I can only assume that others have had similar experiences.
I had always assumed that Postal employees who "go postal" do so because they snap under the pressure of the job. But you know, they're not only postal employees, they're also customers. Something to think about.
But irregular delivery hasn't been the only problem. The Post Office's Washington D.C. Capitol Station recently tried to reject 3,000 pieces of our outgoing mail, claiming they weren't set up for bulk mail. The mail in question was first class.
If you can't mail your first class mail at a the U.S. Postal Service's showcase post office, the place where tourists from all over the country come to visit the U.S. Postal Museum, where can you mail it?
The experience prompted me to ask one postal supervisor, "If you don't accept outgoing first class mail, and you're not too keen on delivering, precisely what service are you providing for 33 cents?"
The only response was dead silence.
Despite all these problems, the federal government has seen fit to give the Post Service regulatory power over companies competing with the Post Service in those limited areas where competition is allowed - packages, overnight mail and the like.
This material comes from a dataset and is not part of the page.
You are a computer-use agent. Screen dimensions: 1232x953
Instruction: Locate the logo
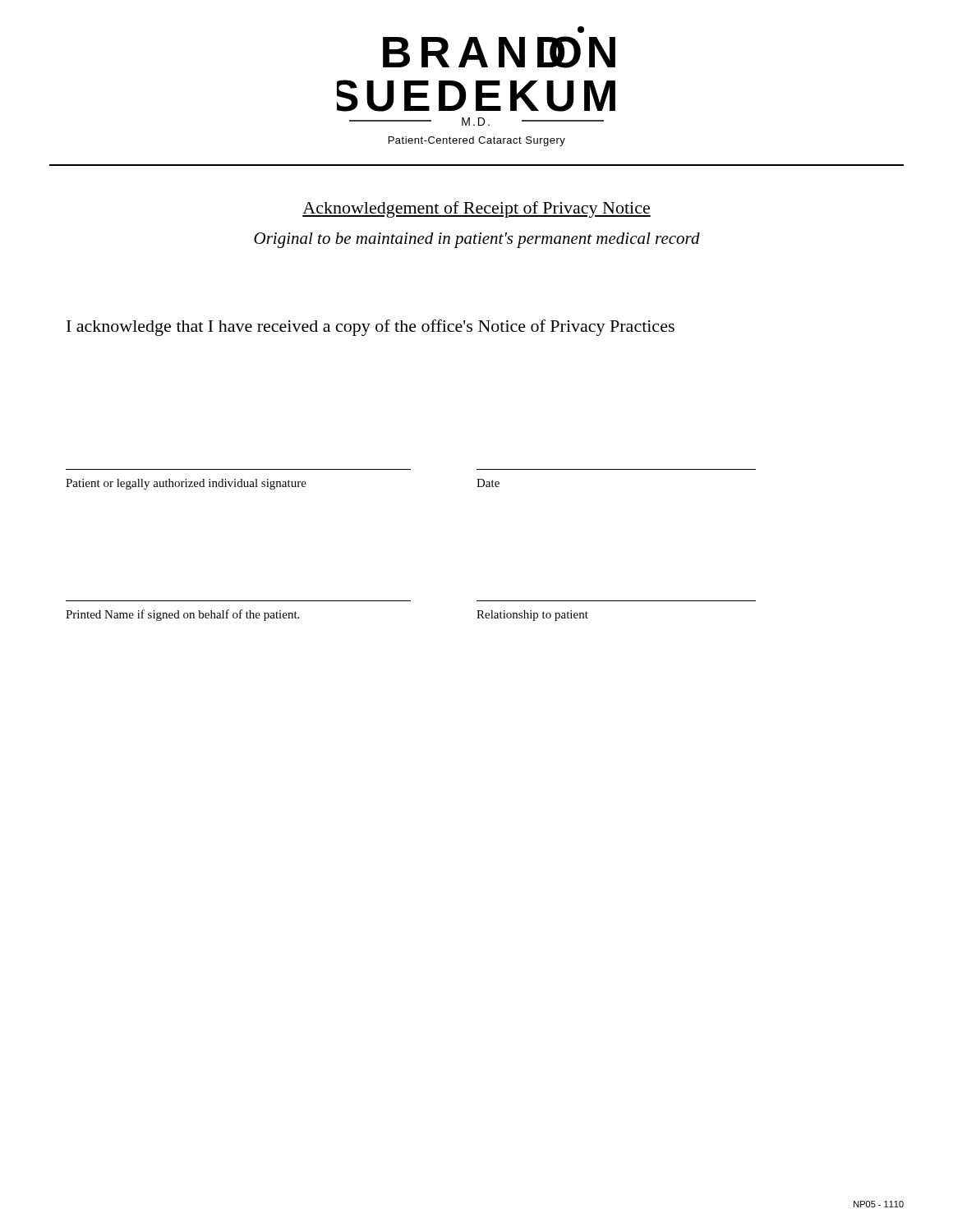click(x=476, y=90)
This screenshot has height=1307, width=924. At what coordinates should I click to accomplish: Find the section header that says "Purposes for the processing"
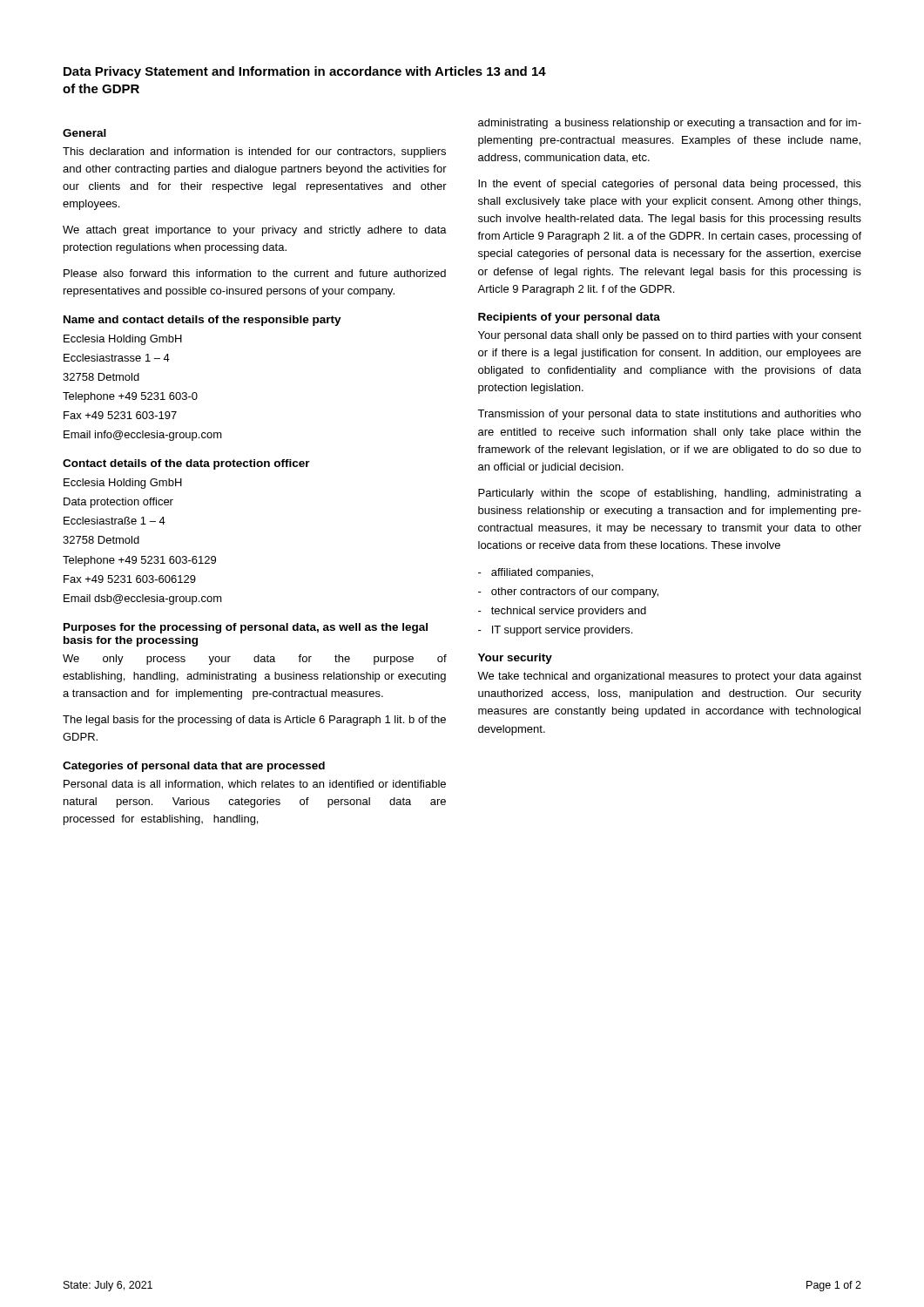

Let's review: The Post Office has a 100% monopoly over first class mail delivery, provides poor service at inflated prices and has the power to regulate competitors. Microsoft should be so lucky.
Let's not break up Microsoft, let's break up the Postal Service.
David A. Ridenour is Vice President of The National Center
for Public Policy Research, a non-partisan think-tank in Washington,
D.C., where he oversees its environmental and regulatory programs.